Former state Rep. Rick Saccone resigns from after Capitol involvement


Former state Rep. Rick Saccone has resigned from St. Vincent College (SVC) as an adjunct professor following the school’s investigation into his participation at Wednesday’s pro-Trump demonstration in Washington D.C., which escalated into an invasion of the Capitol building.

During the protest, Saccone wrote a message on Facebook: “We are storming the Capitol. Our vanguard has broken through the barricades. We will save this nation. Are you with me?” The post has since been deleted.

SVC confirmed Saccone’s resignation on Thursday.

After viewing a video showing Saccone’s participation in Wednesday’s demonstration, the college’s president, the Rev. Paul R. Taylor, OSB, wrote in a statement released Thursday afternoon, “Concerned that (Saccone’s) actions did not and do not reflect our mission, we immediately commenced an internal investigation of the matter.

“As a result, the individual has submitted and we have accepted his letter of resignation, effective immediately.”

Taylor said Saccone will no longer be associated with SVC in “any capacity.” He added that SVC teaches “the importance of the sanctity of human life, the rule of law, civil discourse, free speech and civil engagement, and we strongly condemn the extreme actions of violence and destruction that were on display at our nation’s capital.

“We believe that all individuals have the right to an opinion, but when beliefs and opinions devolve into illegal and violent activities, there will be no tolerance.”

In the nation’s capital on Wednesday, a violent mob loyal to President Donald Trump stormed the U.S. Capitol causing lawmakers to go into hiding, in an attempt to keep members of Congress from certifying Democrat Joe Biden as president-elect.

Saccone, 62, is from Elizabeth and represented the 39th District in the Pennsylvania House of Representatives from 2011 to 2019. He ran unsuccessfully as a Republican against Sen. Connor Lamb in a 2018 special election in Pennsylvania’s 18th Congressional District.

Saccone taught politics at SVC for over 20 years, including courses on international relations and global terrorism, according to his LinkedIn page. He received a Doctor of Philosophy (Ph.D.) in International Relations and Affairs from the University of Pittsburgh.

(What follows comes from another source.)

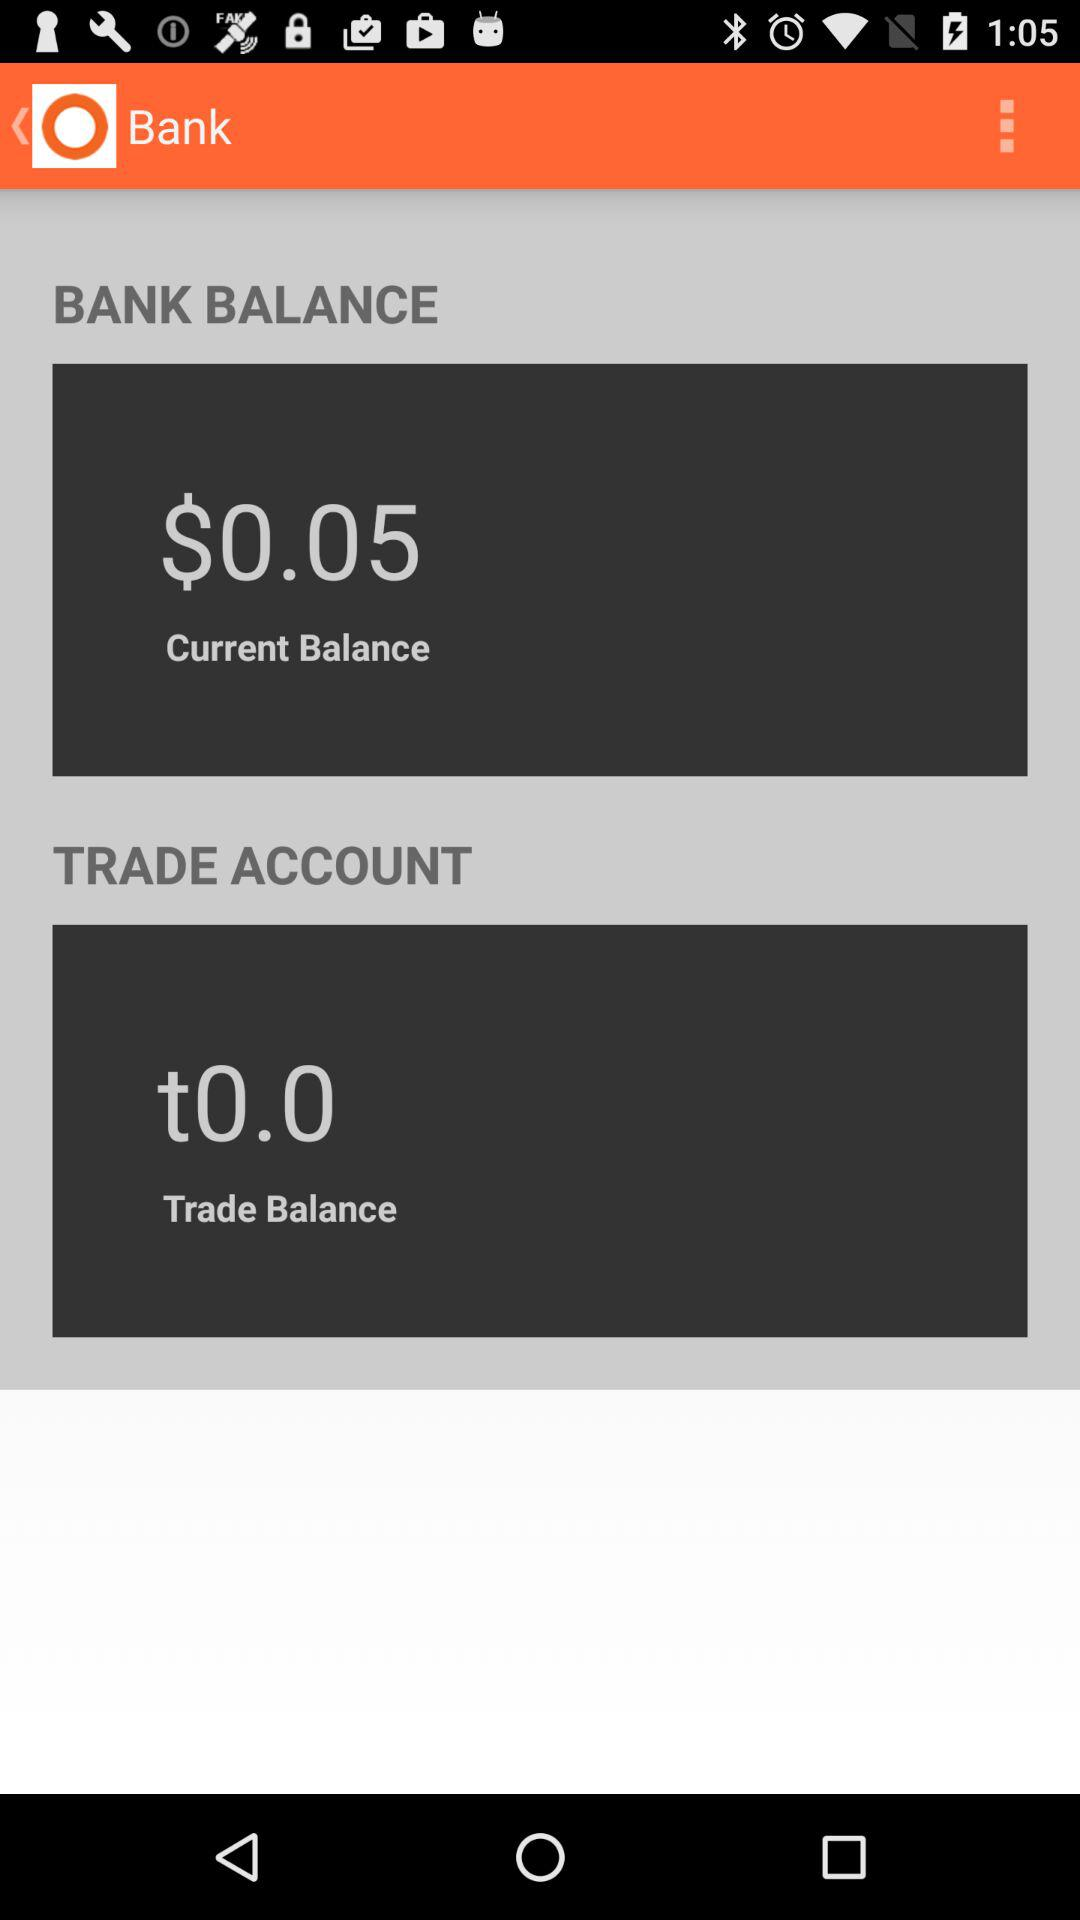What is the current balance in the bank? The current balance is $0.05.

His participation in Wednesday’s demonstration drew criticism from SVC alumni and current students, prompting a petition advocating for the “Termination of Rick Saccone from Saint Vincent College,” which received more than 1,100 signatures as of early Friday morning.

Following questions on social media of Saccone’s status as an SVC faculty member, the college on Wednesday tweeted, “We have been made aware of a video posted today from Washington, D.C., by an individual who has, on occasion, served as an adjunct faculty member at Saint Vincent College. In matters of opinion, faculty have the right to express their beliefs as long as they do so responsibly and do not purport to be speaking on behalf of the College.”

The college, however, said it does not “condone or tolerate acts that are considered violent or illegal.”

“Any allegation that an employee has engaged in illegal or violent activity will result in a thorough investigation and appropriate actions will be taken thereafter,” the tweet read.

The college’s investigation led to Saccone’s resignation Thursday.

Saccone could not be reached for comment, but he wrote in a Facebook post on Wednesday that he did nothing wrong.

“I see some people are twisting the peaceful protest into something else. Everyone from our group was involved in peaceful, First Amendment assembly,” he wrote. “It was part of the metaphor to storm the castle so to speak.

“People that I heard breached some barricades to reach the steps to wave flags. Some carried a huge American flag up the steps which drew a loud roar of approval from the crowd,” he added. “No one I (know) of intended or condones any violence unlike those on the left. Did not see any violence but did see some smoke what some said was tear gas being sprayed at people. I cannot imagine anyone being shot for a trespass. The punishment for trespass is not death.”

Saccone offered a statement to The Review, SVC’s student-run newspaper, after his departure, writing that he has fond memories of the college.

“I spent 21 wonderful years at SVC. I taught hundreds of great students, created the Hall for our Founding and International Affairs,” he wrote. “Led students on dozens of field trips around the world. My wife has cooked for many students. I have brought many high level speakers including ambassadors and government officials to speak at the college.

“I have enjoyed working with the super faculty and staff and will miss everyone very much. Yong (Saccone, his wife) and I wish God’s blessings on you all in the future. I leave with decades of great memories and Christlike fondness.”